--- Data records Enclosed Below ---

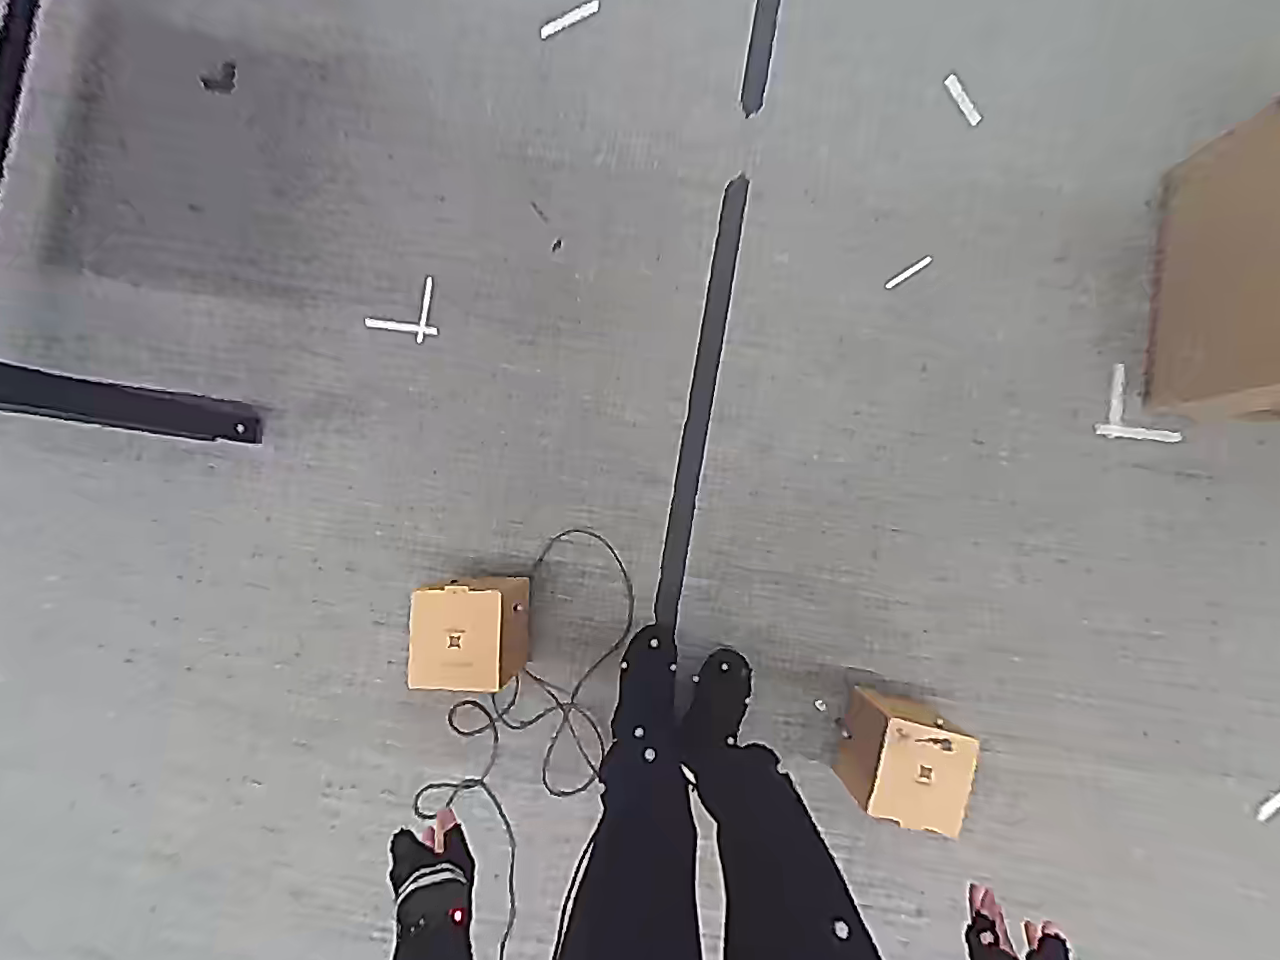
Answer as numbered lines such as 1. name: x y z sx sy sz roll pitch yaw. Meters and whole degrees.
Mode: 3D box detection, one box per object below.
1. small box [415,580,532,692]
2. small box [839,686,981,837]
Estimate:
1. small box: -0.308 0.286 1.025 0.168 0.176 0.179 -2 88 5
2. small box: 0.493 0.517 1.017 0.168 0.176 0.179 14 88 1
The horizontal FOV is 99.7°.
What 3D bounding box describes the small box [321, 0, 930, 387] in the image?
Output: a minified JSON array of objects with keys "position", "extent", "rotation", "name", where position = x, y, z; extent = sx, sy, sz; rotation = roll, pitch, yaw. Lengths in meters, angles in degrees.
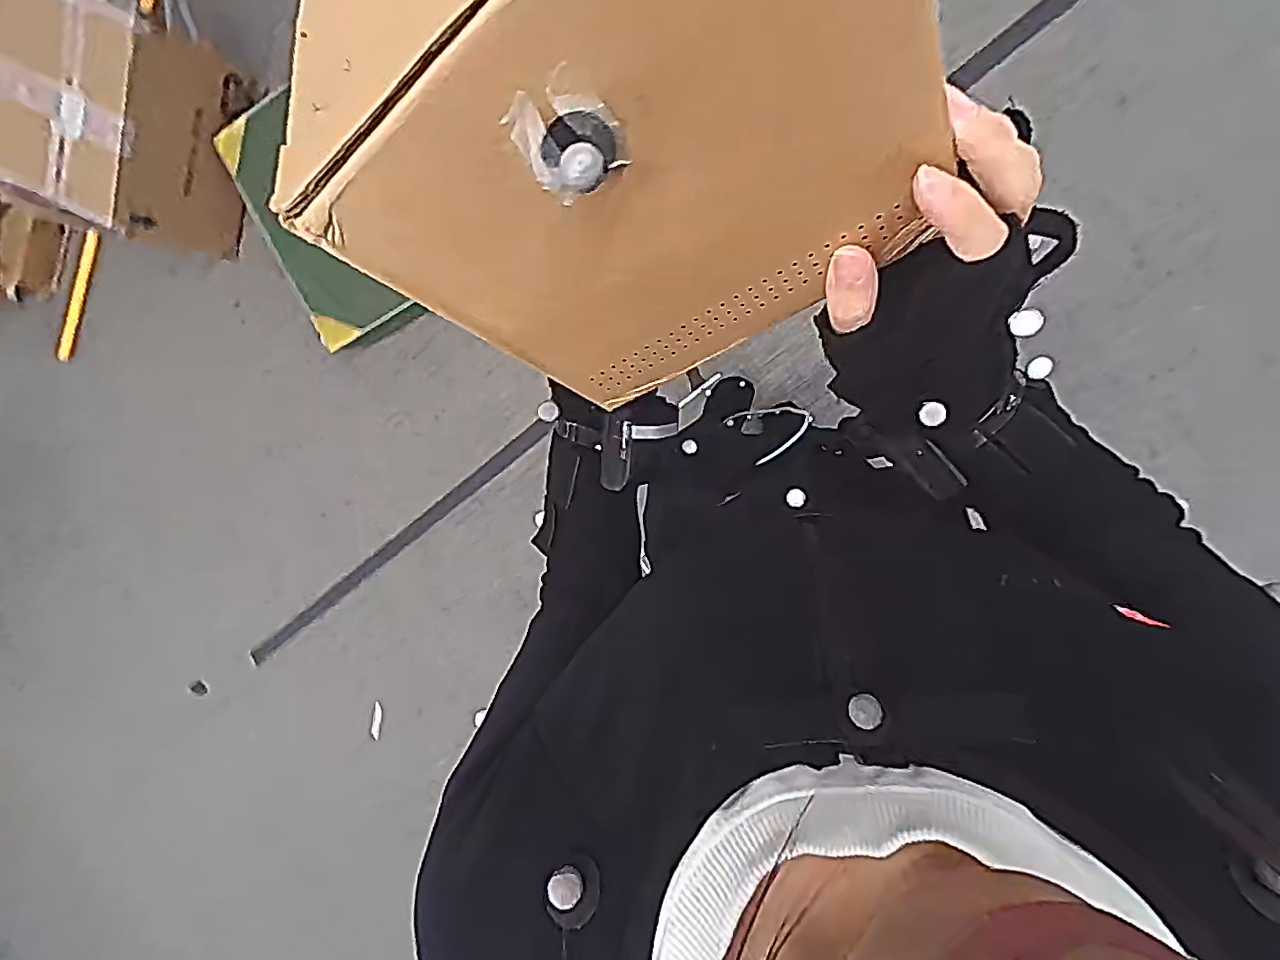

--- End of Enclosed Data records ---

Activity:
Could you please return the entries above exactly, minus the pictures?

Exercise result:
Answer as numbered lines such as 1. name: x y z sx sy sz roll pitch yaw. Meters and whole degrees.
Mode: 3D box detection, one box per object below.
1. small box [415,580,532,692]
2. small box [839,686,981,837]
Estimate:
1. small box: -0.308 0.286 1.025 0.168 0.176 0.179 -2 88 5
2. small box: 0.493 0.517 1.017 0.168 0.176 0.179 14 88 1
The horizontal FOV is 99.7°.
What 3D bounding box describes the small box [321, 0, 930, 387] in the image?
Output: a minified JSON array of objects with keys "position", "extent", "rotation", "name", where position = x, y, z; extent = sx, sy, sz; rotation = roll, pitch, yaw. Lengths in meters, angles in degrees.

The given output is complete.